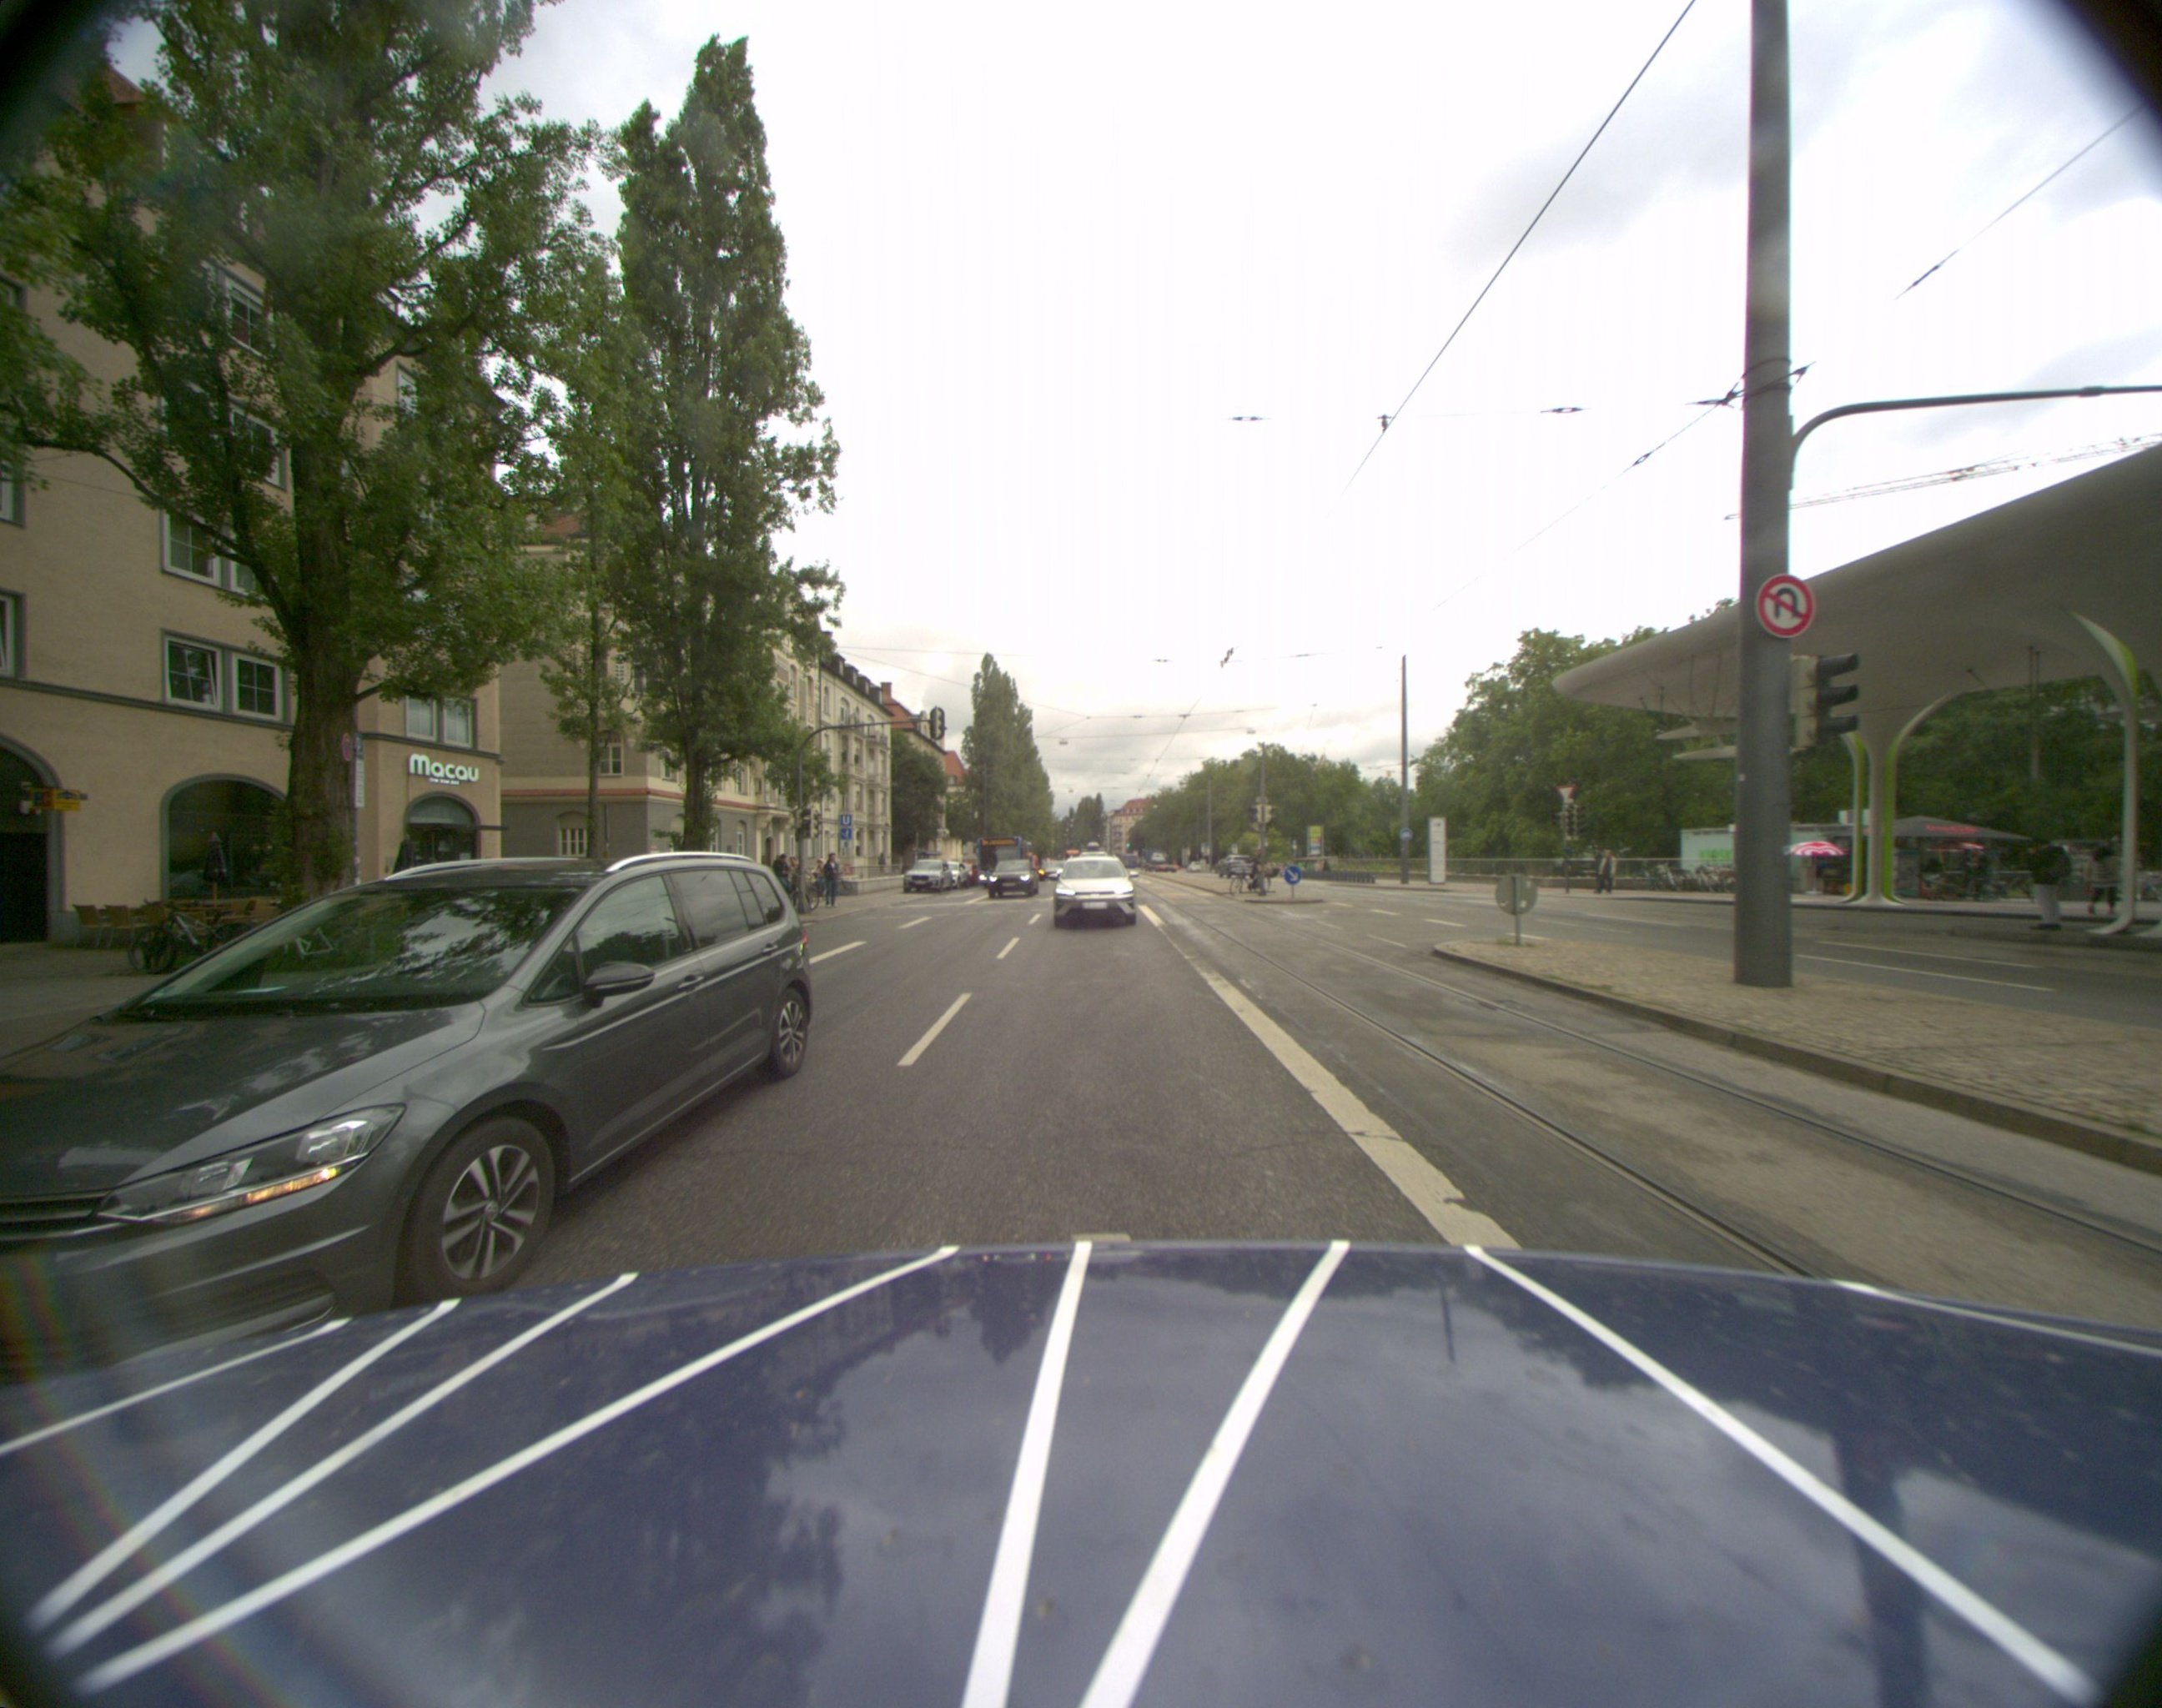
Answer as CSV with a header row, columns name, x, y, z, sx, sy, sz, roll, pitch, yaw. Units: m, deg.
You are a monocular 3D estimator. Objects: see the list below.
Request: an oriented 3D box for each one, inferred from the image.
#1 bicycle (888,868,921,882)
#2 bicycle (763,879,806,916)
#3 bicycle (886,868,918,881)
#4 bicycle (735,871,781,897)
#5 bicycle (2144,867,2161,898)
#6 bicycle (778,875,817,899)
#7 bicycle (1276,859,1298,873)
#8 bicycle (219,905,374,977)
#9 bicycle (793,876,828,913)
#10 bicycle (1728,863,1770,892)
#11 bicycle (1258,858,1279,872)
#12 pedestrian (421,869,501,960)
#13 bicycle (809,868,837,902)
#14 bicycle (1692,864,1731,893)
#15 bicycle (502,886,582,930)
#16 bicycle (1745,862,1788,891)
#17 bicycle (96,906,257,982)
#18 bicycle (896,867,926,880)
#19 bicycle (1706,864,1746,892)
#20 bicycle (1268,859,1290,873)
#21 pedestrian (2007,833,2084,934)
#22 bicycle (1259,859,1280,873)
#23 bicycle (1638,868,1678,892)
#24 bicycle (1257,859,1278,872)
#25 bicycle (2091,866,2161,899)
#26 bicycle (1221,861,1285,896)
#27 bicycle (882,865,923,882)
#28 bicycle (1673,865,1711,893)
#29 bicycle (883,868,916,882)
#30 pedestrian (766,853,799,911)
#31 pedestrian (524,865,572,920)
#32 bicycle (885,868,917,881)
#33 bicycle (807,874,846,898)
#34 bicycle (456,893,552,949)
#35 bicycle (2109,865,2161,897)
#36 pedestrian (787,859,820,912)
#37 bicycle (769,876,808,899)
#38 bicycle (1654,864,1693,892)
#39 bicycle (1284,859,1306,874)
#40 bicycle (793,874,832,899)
name,x,y,z,sx,sy,sz,roll,pitch,yaw
bicycle,-13.116,1.571,56.482,2.326,0.916,0.586,-2,1,-16
bicycle,-9.190,1.334,23.521,1.740,1.096,0.360,0,1,36
bicycle,-14.088,1.613,59.860,2.323,0.916,0.640,-2,1,-2
bicycle,-15.061,1.390,35.419,1.890,1.147,0.464,-2,1,-41
bicycle,39.714,1.039,26.911,0.644,1.123,2.524,0,0,1
bicycle,-12.976,1.505,34.835,0.391,1.017,1.842,-1,1,28
bicycle,16.761,0.958,61.797,1.693,1.165,0.561,-1,0,-9
bicycle,-12.264,1.354,11.903,1.892,1.048,0.458,-1,1,-2
bicycle,-8.646,1.274,24.265,0.360,1.096,1.740,-1,1,-43
bicycle,26.694,0.917,30.413,0.479,1.090,1.851,0,0,15
bicycle,16.537,0.978,67.165,1.692,1.165,0.562,-1,0,-2
pedestrian,-10.963,1.049,13.456,0.761,1.553,0.763,-1,0,3
bicycle,-10.452,1.249,30.844,0.424,1.280,1.779,-1,0,2
bicycle,25.456,0.973,30.720,0.479,1.090,1.851,0,0,15
bicycle,-14.100,1.407,19.887,1.801,1.103,0.447,-1,0,3
bicycle,27.245,0.892,30.217,0.479,1.090,1.851,0,0,15
bicycle,-14.137,1.396,11.893,1.892,1.107,0.458,-1,1,-2
bicycle,-14.157,1.615,63.226,2.323,0.916,0.640,-2,1,-2
bicycle,25.974,0.950,30.622,0.479,1.090,1.851,0,0,15
bicycle,16.421,0.973,62.967,1.693,1.165,0.561,-1,0,-9
pedestrian,18.004,0.525,14.191,0.667,1.828,0.808,-1,1,-30
bicycle,16.058,0.989,64.726,1.693,1.165,0.561,-1,0,-9
bicycle,23.592,1.043,31.080,0.479,0.889,1.850,0,0,9
bicycle,16.033,0.990,65.311,1.693,1.165,0.505,-1,0,-7
bicycle,37.945,1.001,27.055,0.644,1.123,2.524,-1,0,1
bicycle,6.092,0.857,26.834,2.233,1.143,0.505,-2,1,-18
bicycle,-13.422,1.472,57.099,2.922,1.141,0.639,-2,1,-17
bicycle,24.764,1.005,30.838,0.479,1.090,1.851,0,0,15
bicycle,-13.774,1.600,57.691,2.326,0.916,0.586,-2,1,-16
pedestrian,-9.268,0.865,23.615,0.699,1.770,0.652,-1,0,35
pedestrian,-15.929,1.146,22.722,0.847,1.593,0.824,0,1,22
bicycle,-14.034,1.611,59.151,2.323,0.916,0.640,-2,1,-2
bicycle,-11.629,1.449,34.763,0.445,1.017,1.842,-1,1,28
bicycle,-11.386,1.295,15.059,0.590,0.959,1.653,-1,0,1
bicycle,38.623,0.970,27.063,0.644,1.123,2.524,-1,0,1
pedestrian,-8.854,0.991,24.265,0.758,1.628,0.699,-1,0,-42
bicycle,-13.425,1.533,34.888,0.391,0.972,1.842,-1,1,28
bicycle,24.133,0.948,30.960,0.479,1.090,1.851,0,0,12
bicycle,16.704,0.962,59.260,1.696,1.165,0.560,-1,0,-28
bicycle,-12.261,1.478,34.773,0.445,1.017,1.842,-1,1,28
--
BRIEF => Go through the material above and print all of it exactly, except the pictures.

EXPECTED OUTPUT =>
Answer as CSV with a header row, columns name, x, y, z, sx, sy, sz, roll, pitch, yaw. Units: m, deg.
You are a monocular 3D estimator. Objects: see the list below.
Request: an oriented 3D box for each one, inferred from the image.
#1 bicycle (888,868,921,882)
#2 bicycle (763,879,806,916)
#3 bicycle (886,868,918,881)
#4 bicycle (735,871,781,897)
#5 bicycle (2144,867,2161,898)
#6 bicycle (778,875,817,899)
#7 bicycle (1276,859,1298,873)
#8 bicycle (219,905,374,977)
#9 bicycle (793,876,828,913)
#10 bicycle (1728,863,1770,892)
#11 bicycle (1258,858,1279,872)
#12 pedestrian (421,869,501,960)
#13 bicycle (809,868,837,902)
#14 bicycle (1692,864,1731,893)
#15 bicycle (502,886,582,930)
#16 bicycle (1745,862,1788,891)
#17 bicycle (96,906,257,982)
#18 bicycle (896,867,926,880)
#19 bicycle (1706,864,1746,892)
#20 bicycle (1268,859,1290,873)
#21 pedestrian (2007,833,2084,934)
#22 bicycle (1259,859,1280,873)
#23 bicycle (1638,868,1678,892)
#24 bicycle (1257,859,1278,872)
#25 bicycle (2091,866,2161,899)
#26 bicycle (1221,861,1285,896)
#27 bicycle (882,865,923,882)
#28 bicycle (1673,865,1711,893)
#29 bicycle (883,868,916,882)
#30 pedestrian (766,853,799,911)
#31 pedestrian (524,865,572,920)
#32 bicycle (885,868,917,881)
#33 bicycle (807,874,846,898)
#34 bicycle (456,893,552,949)
#35 bicycle (2109,865,2161,897)
#36 pedestrian (787,859,820,912)
#37 bicycle (769,876,808,899)
#38 bicycle (1654,864,1693,892)
#39 bicycle (1284,859,1306,874)
#40 bicycle (793,874,832,899)
name,x,y,z,sx,sy,sz,roll,pitch,yaw
bicycle,-13.116,1.571,56.482,2.326,0.916,0.586,-2,1,-16
bicycle,-9.190,1.334,23.521,1.740,1.096,0.360,0,1,36
bicycle,-14.088,1.613,59.860,2.323,0.916,0.640,-2,1,-2
bicycle,-15.061,1.390,35.419,1.890,1.147,0.464,-2,1,-41
bicycle,39.714,1.039,26.911,0.644,1.123,2.524,0,0,1
bicycle,-12.976,1.505,34.835,0.391,1.017,1.842,-1,1,28
bicycle,16.761,0.958,61.797,1.693,1.165,0.561,-1,0,-9
bicycle,-12.264,1.354,11.903,1.892,1.048,0.458,-1,1,-2
bicycle,-8.646,1.274,24.265,0.360,1.096,1.740,-1,1,-43
bicycle,26.694,0.917,30.413,0.479,1.090,1.851,0,0,15
bicycle,16.537,0.978,67.165,1.692,1.165,0.562,-1,0,-2
pedestrian,-10.963,1.049,13.456,0.761,1.553,0.763,-1,0,3
bicycle,-10.452,1.249,30.844,0.424,1.280,1.779,-1,0,2
bicycle,25.456,0.973,30.720,0.479,1.090,1.851,0,0,15
bicycle,-14.100,1.407,19.887,1.801,1.103,0.447,-1,0,3
bicycle,27.245,0.892,30.217,0.479,1.090,1.851,0,0,15
bicycle,-14.137,1.396,11.893,1.892,1.107,0.458,-1,1,-2
bicycle,-14.157,1.615,63.226,2.323,0.916,0.640,-2,1,-2
bicycle,25.974,0.950,30.622,0.479,1.090,1.851,0,0,15
bicycle,16.421,0.973,62.967,1.693,1.165,0.561,-1,0,-9
pedestrian,18.004,0.525,14.191,0.667,1.828,0.808,-1,1,-30
bicycle,16.058,0.989,64.726,1.693,1.165,0.561,-1,0,-9
bicycle,23.592,1.043,31.080,0.479,0.889,1.850,0,0,9
bicycle,16.033,0.990,65.311,1.693,1.165,0.505,-1,0,-7
bicycle,37.945,1.001,27.055,0.644,1.123,2.524,-1,0,1
bicycle,6.092,0.857,26.834,2.233,1.143,0.505,-2,1,-18
bicycle,-13.422,1.472,57.099,2.922,1.141,0.639,-2,1,-17
bicycle,24.764,1.005,30.838,0.479,1.090,1.851,0,0,15
bicycle,-13.774,1.600,57.691,2.326,0.916,0.586,-2,1,-16
pedestrian,-9.268,0.865,23.615,0.699,1.770,0.652,-1,0,35
pedestrian,-15.929,1.146,22.722,0.847,1.593,0.824,0,1,22
bicycle,-14.034,1.611,59.151,2.323,0.916,0.640,-2,1,-2
bicycle,-11.629,1.449,34.763,0.445,1.017,1.842,-1,1,28
bicycle,-11.386,1.295,15.059,0.590,0.959,1.653,-1,0,1
bicycle,38.623,0.970,27.063,0.644,1.123,2.524,-1,0,1
pedestrian,-8.854,0.991,24.265,0.758,1.628,0.699,-1,0,-42
bicycle,-13.425,1.533,34.888,0.391,0.972,1.842,-1,1,28
bicycle,24.133,0.948,30.960,0.479,1.090,1.851,0,0,12
bicycle,16.704,0.962,59.260,1.696,1.165,0.560,-1,0,-28
bicycle,-12.261,1.478,34.773,0.445,1.017,1.842,-1,1,28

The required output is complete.